*** AVAILABLE DATA ***
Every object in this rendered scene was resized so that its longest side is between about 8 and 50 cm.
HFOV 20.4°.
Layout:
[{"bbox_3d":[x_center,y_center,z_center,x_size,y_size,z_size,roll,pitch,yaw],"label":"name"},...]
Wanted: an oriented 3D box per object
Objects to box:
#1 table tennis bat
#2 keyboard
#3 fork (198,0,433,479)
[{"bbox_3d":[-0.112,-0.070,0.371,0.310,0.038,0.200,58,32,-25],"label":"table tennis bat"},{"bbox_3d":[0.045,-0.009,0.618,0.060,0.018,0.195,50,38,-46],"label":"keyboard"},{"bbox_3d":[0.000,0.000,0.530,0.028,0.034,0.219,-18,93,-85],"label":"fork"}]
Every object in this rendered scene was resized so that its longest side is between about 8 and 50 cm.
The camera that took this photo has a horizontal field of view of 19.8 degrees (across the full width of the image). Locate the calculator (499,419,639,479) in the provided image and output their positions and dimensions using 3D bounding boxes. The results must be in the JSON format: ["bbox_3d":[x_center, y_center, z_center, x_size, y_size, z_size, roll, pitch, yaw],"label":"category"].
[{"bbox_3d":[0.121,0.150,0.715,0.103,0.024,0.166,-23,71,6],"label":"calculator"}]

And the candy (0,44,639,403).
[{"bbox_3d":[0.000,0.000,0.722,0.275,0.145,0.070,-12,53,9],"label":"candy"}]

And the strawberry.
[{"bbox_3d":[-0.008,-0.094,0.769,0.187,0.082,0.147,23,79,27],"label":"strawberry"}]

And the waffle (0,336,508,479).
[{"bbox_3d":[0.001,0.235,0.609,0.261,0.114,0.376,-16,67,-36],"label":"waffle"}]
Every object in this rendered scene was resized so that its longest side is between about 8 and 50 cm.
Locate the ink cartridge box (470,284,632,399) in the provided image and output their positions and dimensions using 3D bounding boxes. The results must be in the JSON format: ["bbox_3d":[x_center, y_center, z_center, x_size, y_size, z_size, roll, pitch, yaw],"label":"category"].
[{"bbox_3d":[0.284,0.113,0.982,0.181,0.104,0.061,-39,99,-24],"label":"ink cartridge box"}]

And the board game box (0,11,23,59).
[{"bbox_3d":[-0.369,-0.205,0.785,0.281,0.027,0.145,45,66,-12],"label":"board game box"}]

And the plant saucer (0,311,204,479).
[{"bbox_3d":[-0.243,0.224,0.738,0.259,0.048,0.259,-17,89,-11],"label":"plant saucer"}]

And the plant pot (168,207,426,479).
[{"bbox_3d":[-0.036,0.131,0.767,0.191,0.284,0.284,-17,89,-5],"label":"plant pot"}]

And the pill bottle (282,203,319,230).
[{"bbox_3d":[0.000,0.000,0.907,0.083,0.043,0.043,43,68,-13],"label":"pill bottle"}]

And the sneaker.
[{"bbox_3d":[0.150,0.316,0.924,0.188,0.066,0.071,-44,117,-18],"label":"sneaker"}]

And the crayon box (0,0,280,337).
*** End of AVAILABLE DATA ***
◆ **REQUIRED ACTION**
Reproduce the listing above exactly, but only from its first line through the line holding "#1 table tennis bat"; both of those lines are included.

◆ **SOLUTION**
Every object in this rendered scene was resized so that its longest side is between about 8 and 50 cm.
HFOV 20.4°.
Layout:
[{"bbox_3d":[x_center,y_center,z_center,x_size,y_size,z_size,roll,pitch,yaw],"label":"name"},...]
Wanted: an oriented 3D box per object
Objects to box:
#1 table tennis bat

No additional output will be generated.